With a Cannes Grand prix for If… Anderson returned to the theatre of David Storey. “We have a very easy relationship and a very good one. I don’t work with him on the writing of his plays and we make very few changes. The first of his plays I did (In Celebration, 1969) was cut a great deal and Home was cut in rehearsal. But David knew that was necessary and we did it with the actors. On a production like The Farm, he comes to the rehearsals and attends the auditions and he enjoys that and if I ever need to refer to him I do. Sometimes he has suggestions to make which are very good and actually he can cut corners for us, certain things he understands better and can explain to us more quickly. There are other things he doesn’t particularly understand because he writes intuitively, too, and we just have to work them out.”

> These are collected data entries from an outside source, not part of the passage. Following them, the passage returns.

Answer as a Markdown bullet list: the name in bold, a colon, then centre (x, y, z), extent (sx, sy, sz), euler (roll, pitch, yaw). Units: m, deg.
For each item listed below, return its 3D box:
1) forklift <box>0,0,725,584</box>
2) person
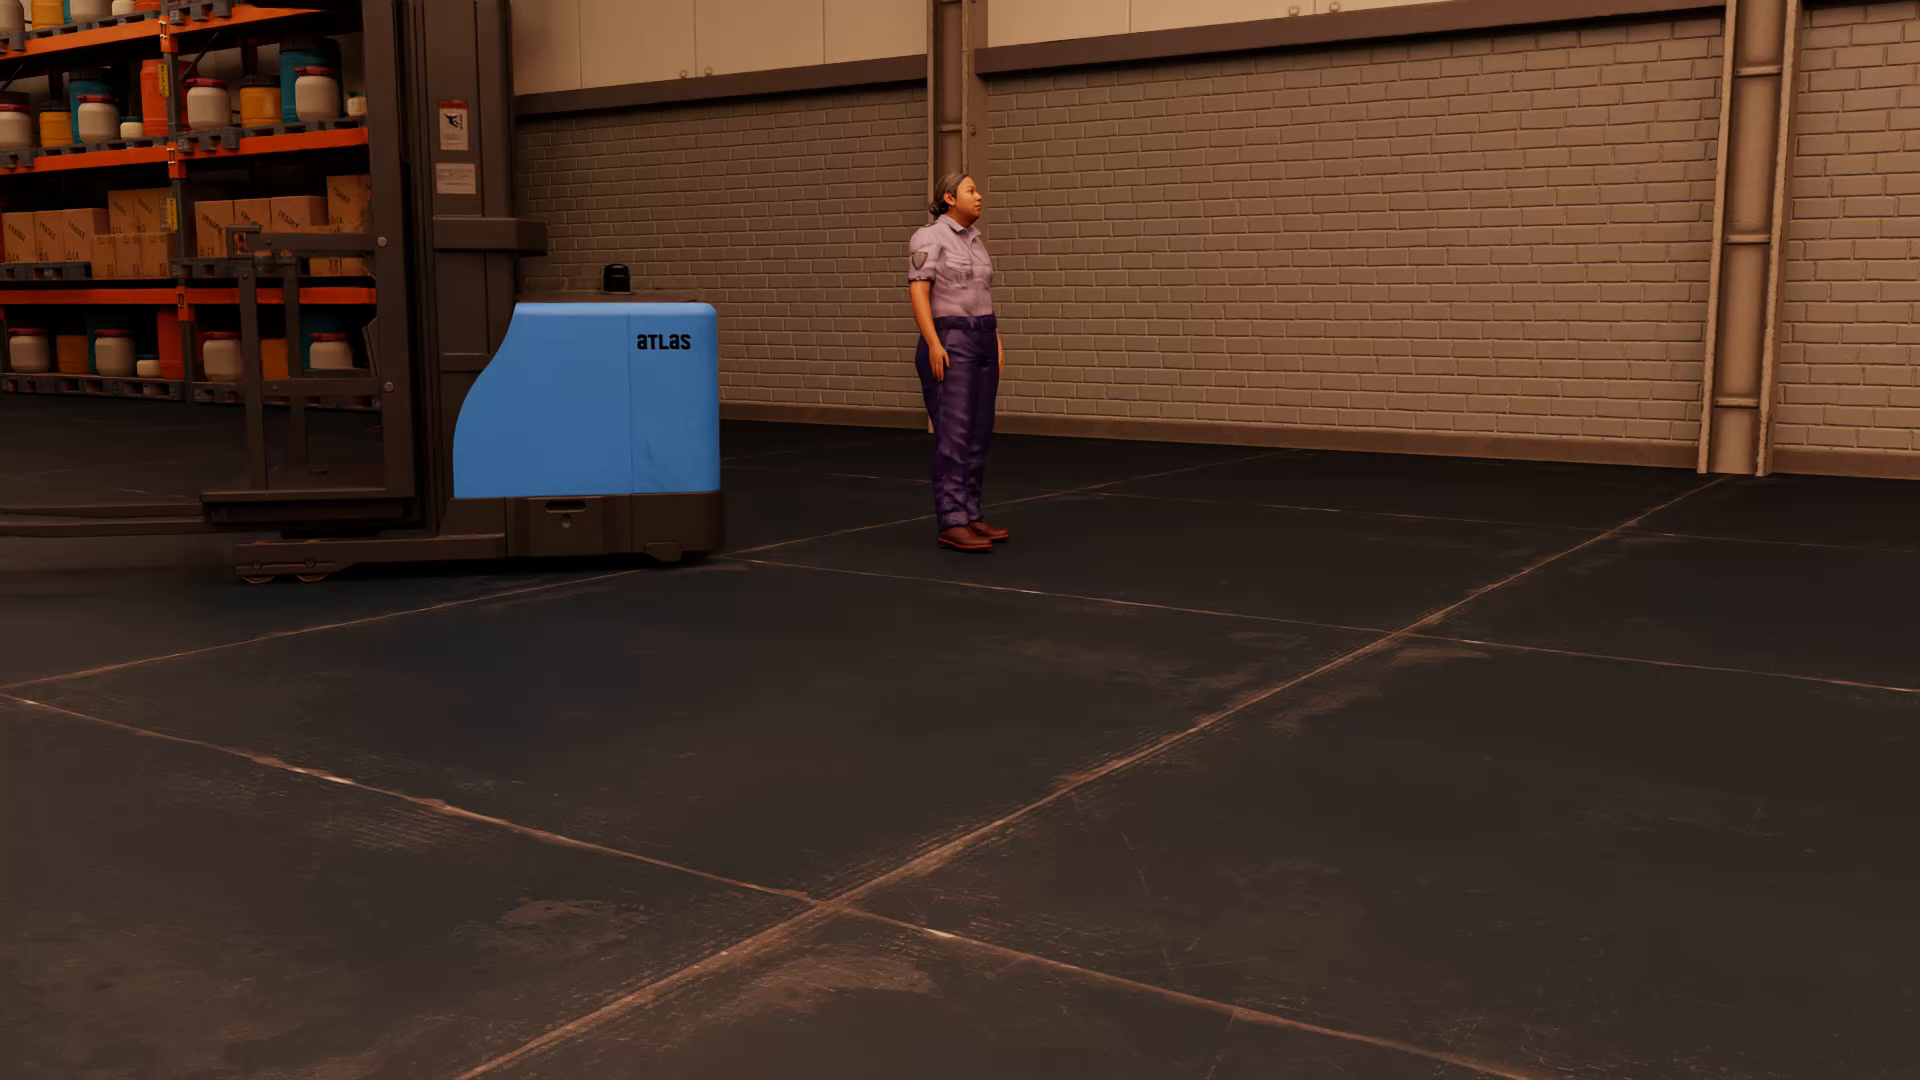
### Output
- **forklift**: centre (-2.547, -1.363, 6.780), extent (3.031, 2.935, 1.130), euler (-2, 8, -13)
- **person**: centre (0.062, -0.814, 7.419), extent (0.503, 1.650, 0.599), euler (5, 10, 34)
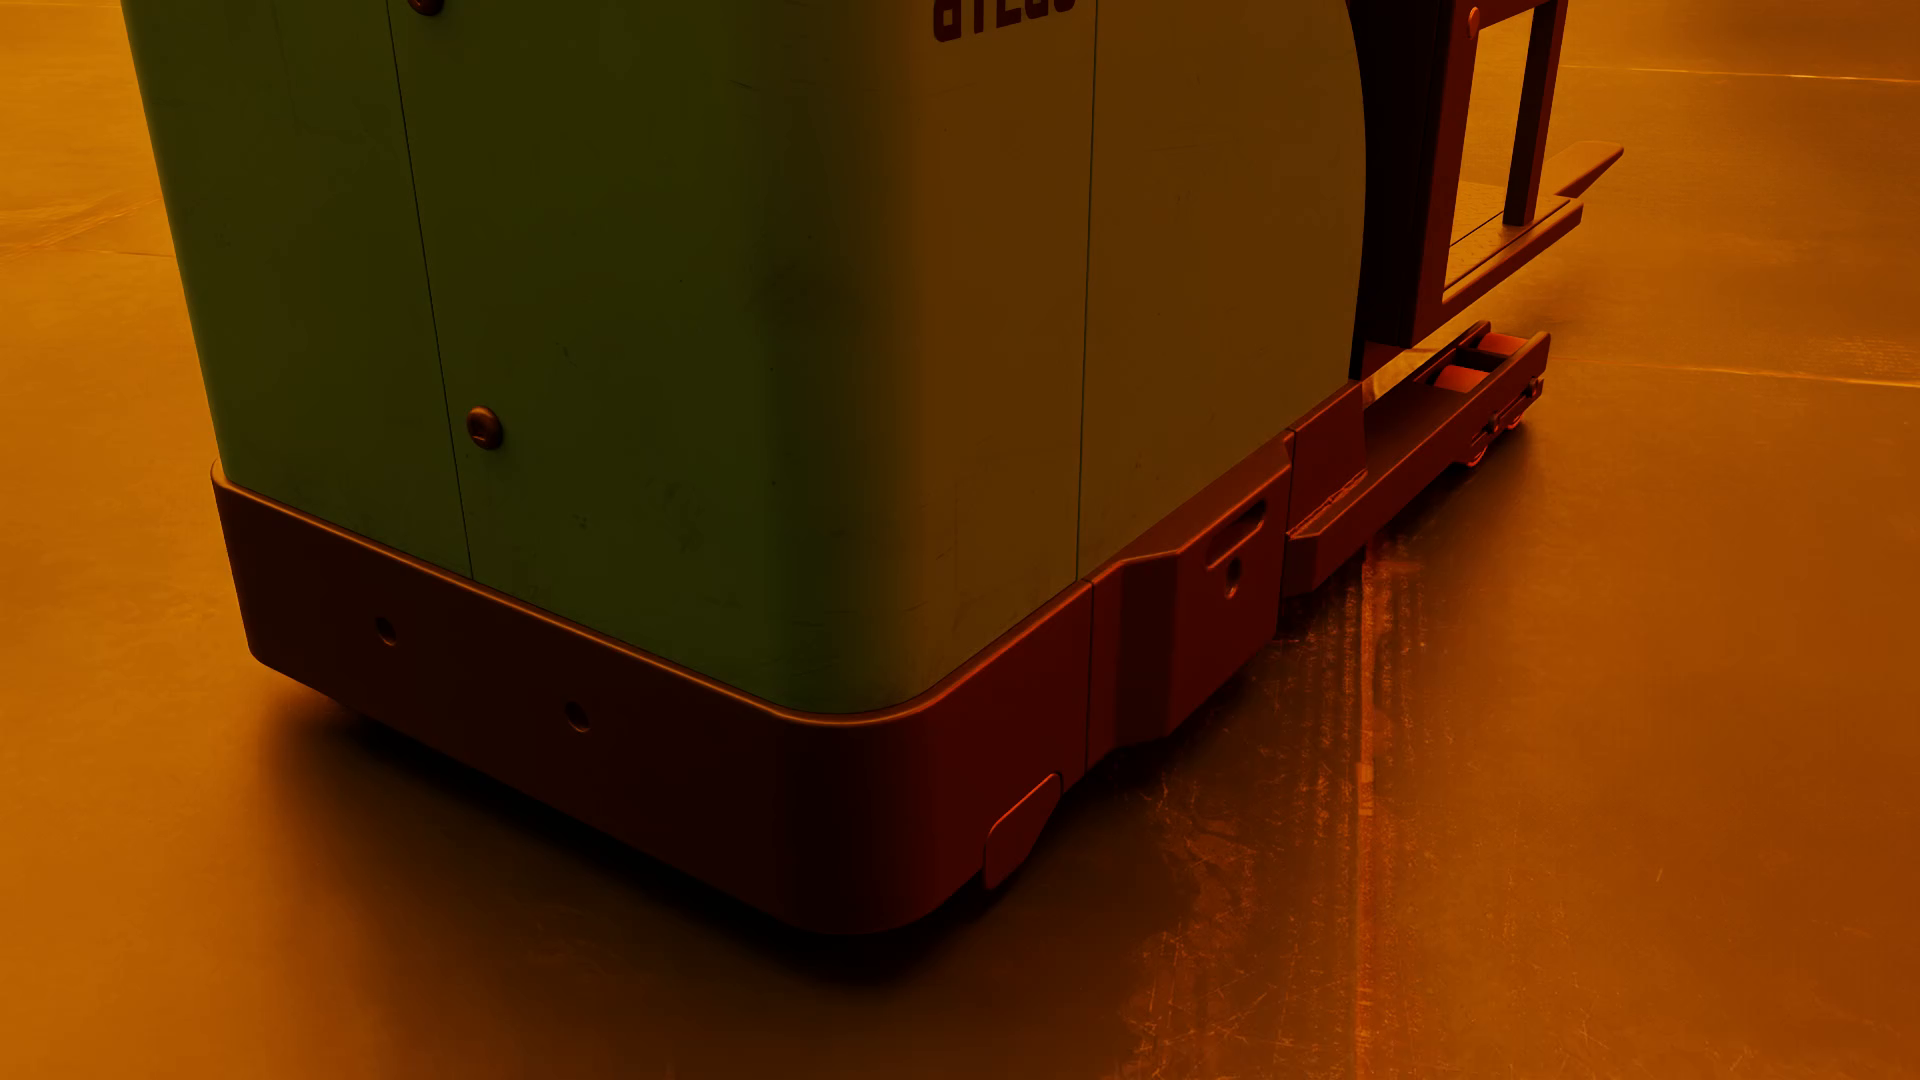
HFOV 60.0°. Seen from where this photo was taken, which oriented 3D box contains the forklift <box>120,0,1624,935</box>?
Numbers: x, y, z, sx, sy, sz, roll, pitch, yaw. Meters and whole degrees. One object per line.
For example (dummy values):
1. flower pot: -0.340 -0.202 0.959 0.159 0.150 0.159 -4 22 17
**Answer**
1. forklift: 0.362 -1.540 2.299 1.130 2.935 3.031 18 32 31
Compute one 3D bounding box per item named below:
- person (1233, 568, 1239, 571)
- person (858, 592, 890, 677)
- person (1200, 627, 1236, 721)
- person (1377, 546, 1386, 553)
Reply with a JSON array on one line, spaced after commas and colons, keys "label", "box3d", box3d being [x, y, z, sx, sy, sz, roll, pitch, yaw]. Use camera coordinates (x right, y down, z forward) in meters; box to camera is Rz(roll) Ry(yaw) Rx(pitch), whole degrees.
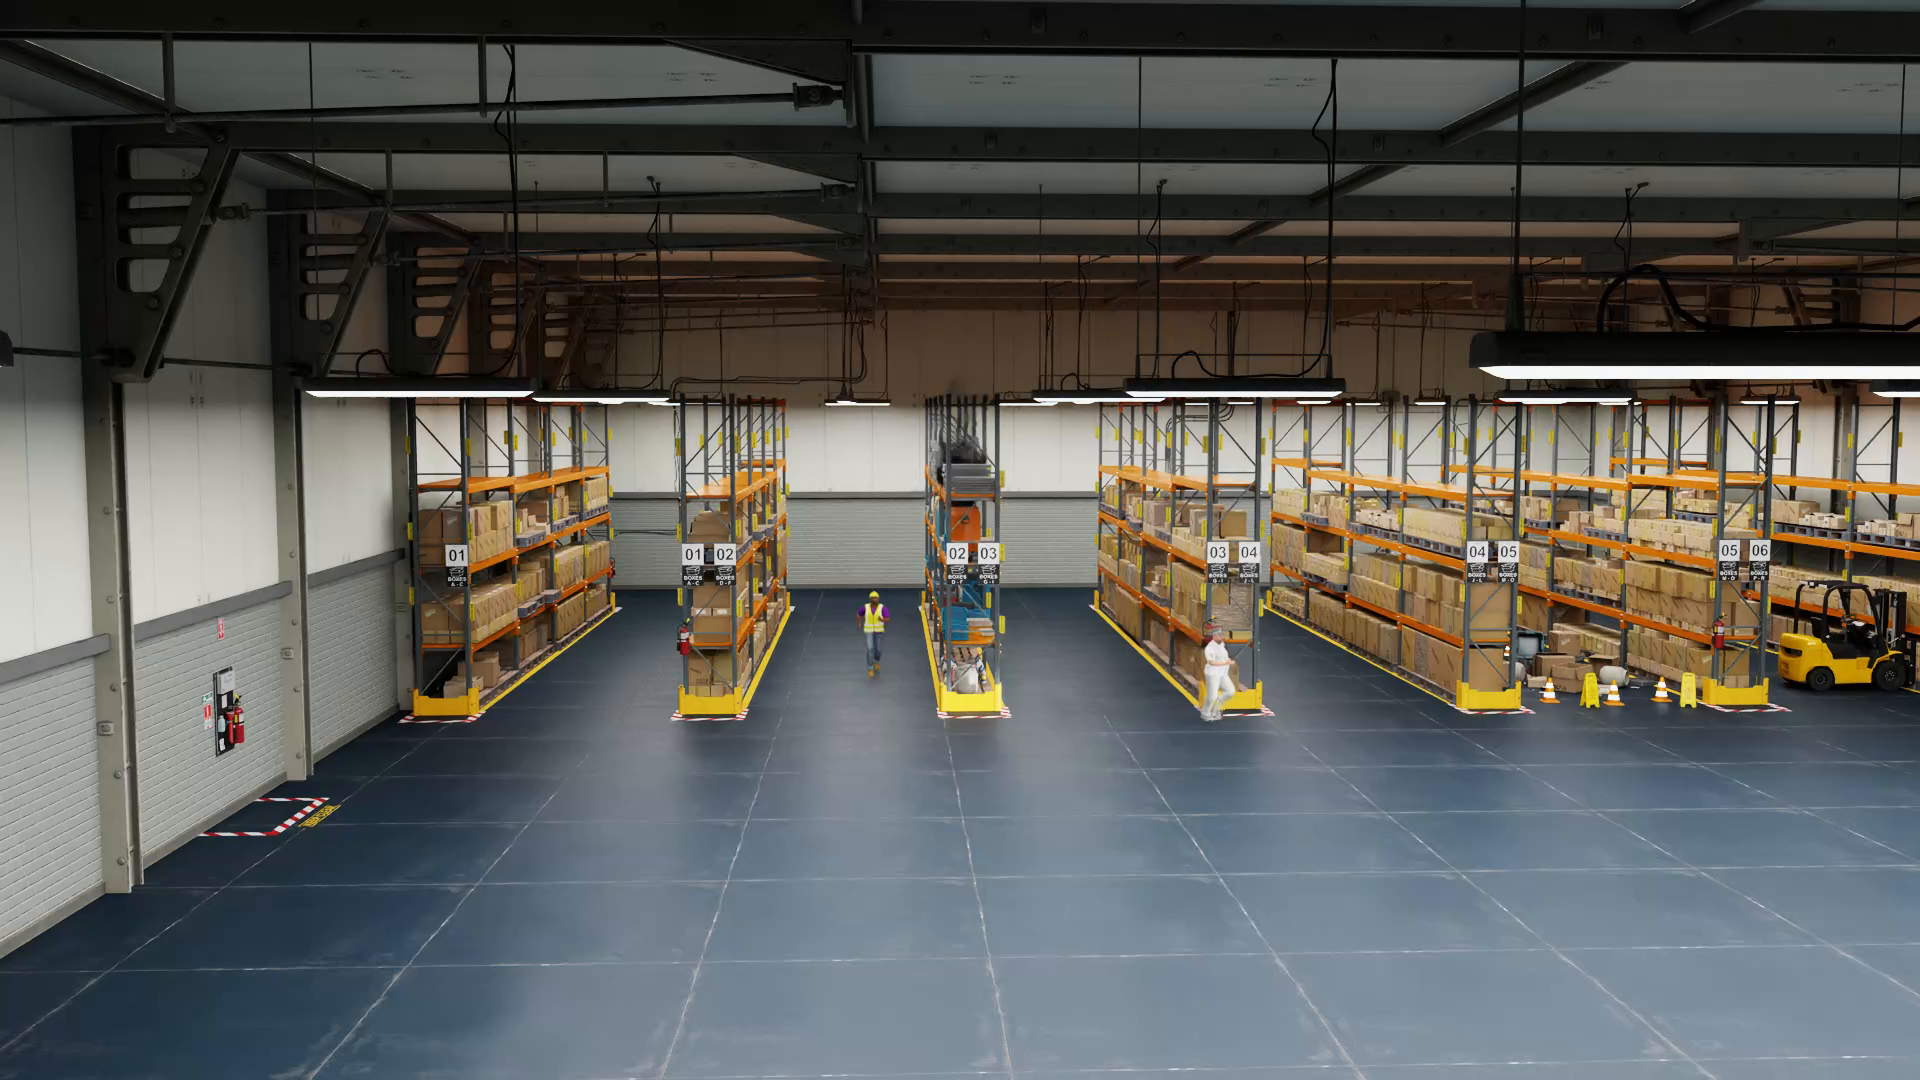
[{"label": "person", "box3d": [7.704, 1.171, 47.667, 0.631, 1.618, 0.551, 2, 5, 21]}, {"label": "person", "box3d": [-1.845, 1.993, 35.729, 0.693, 1.776, 0.946, 0, 5, -6]}, {"label": "person", "box3d": [4.720, 2.396, 30.300, 0.657, 1.649, 0.726, -4, 6, -43]}, {"label": "person", "box3d": [12.546, 0.969, 49.285, 0.627, 1.741, 0.722, 0, 5, -2]}]
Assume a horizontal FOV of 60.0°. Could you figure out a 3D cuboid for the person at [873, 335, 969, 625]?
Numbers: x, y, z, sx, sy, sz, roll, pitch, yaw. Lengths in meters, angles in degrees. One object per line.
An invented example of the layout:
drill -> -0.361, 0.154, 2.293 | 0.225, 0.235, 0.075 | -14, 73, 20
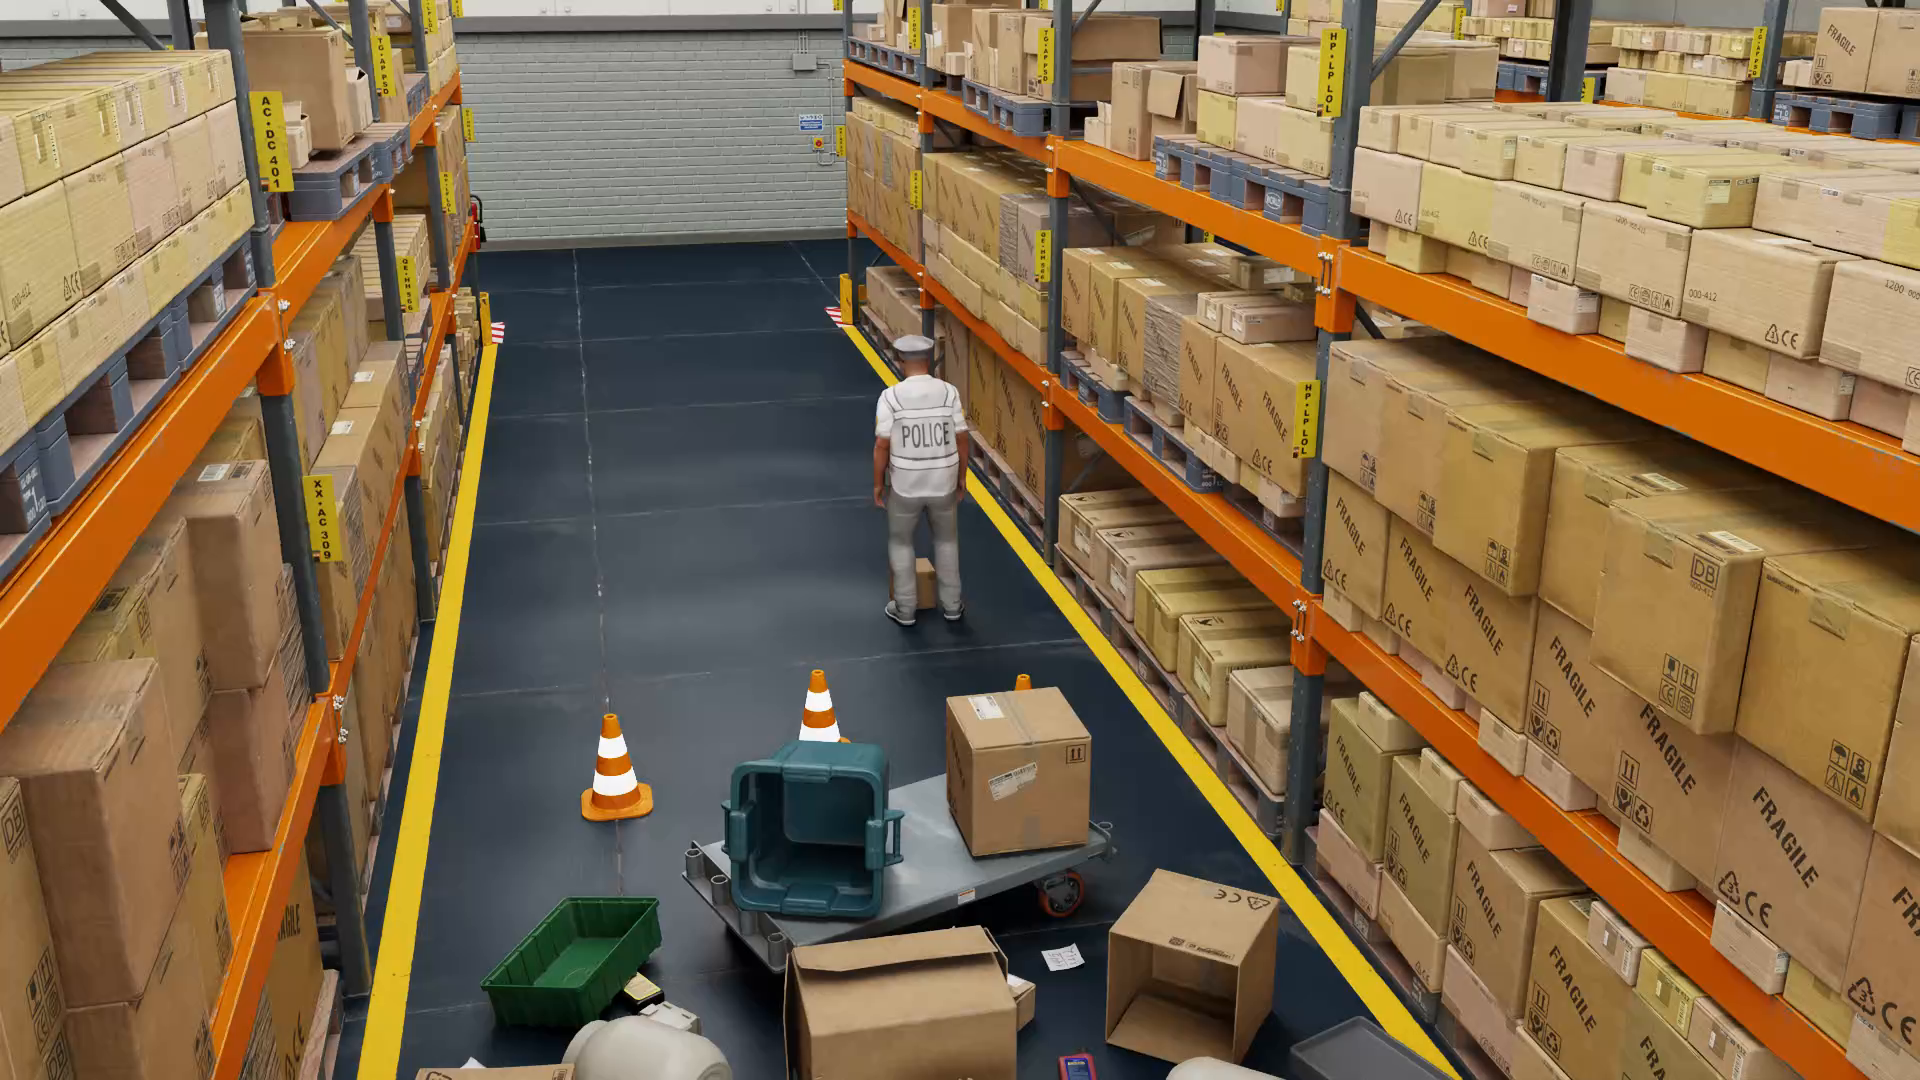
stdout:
person -> -0.232, -0.339, 10.016 | 0.585, 1.748, 0.433 | -5, 20, -13

In Celebration and The Farm are plays about families and very obviously about Storey’s own family. Anderson commented: “I remember when we were doing In Celebration it was most painful. On the evening when his parents came to see it David was very worried. I went to Constance Chapman who was playing the mother sand said ‘play her nice.’ How much is from real life I wouldn’t like to guess. Jesus Iscariot, the first novel by his brother (Anthony Storey, also a rugby player), is a cruder form of In Celebration with the child that died at birth etc.”
After lunch the cast comes in to be given notes on the previous evening’s performance. Anderson is very thorough. He told me: “It’s very difficult to tell people they’re good. It’s a director’s failing.” A couple of minutes later, he added, “I think the beginning of Act Three was very good – there you are.” As the actors go away to get changed, Anderson does comment on Bernard Lee who plays the working-class father. “I think he’s brilliant. Bill Owen (who played a similar role in The Contractor and In Celebration) wasn’t convincing enough. It’s hard to cast this (kind of) part because all the elderly actors in England come from a different class, a pre-war class when the working-class weren’t actors. Larry (Olivier) can put on accents but it’s all acting. But John (Gielgud) is very human, very warm. When he comes on he is the character; when he cries in Home it is John crying.”
He is not too pleased with the treatment meted out by Warner Brothers to O Lucky Man! and there is a sense he is reining himself in. “Since I signed a contract to make a film that was two hours and seven minutes long and delivered one that was three hours long I wasn’t in a very good position. It wasn’t my picture. It belonged to Warner Brothers.” Perhaps he is being a bit unfair. He had a budget of $1.5 million for O Lucky Man! as opposed to the £250,000 from Paramount for If…which arrived 56 hours before shooting was about to begin after Columbia suddenly withdrew their support. Perhaps he had a better time than he supposes.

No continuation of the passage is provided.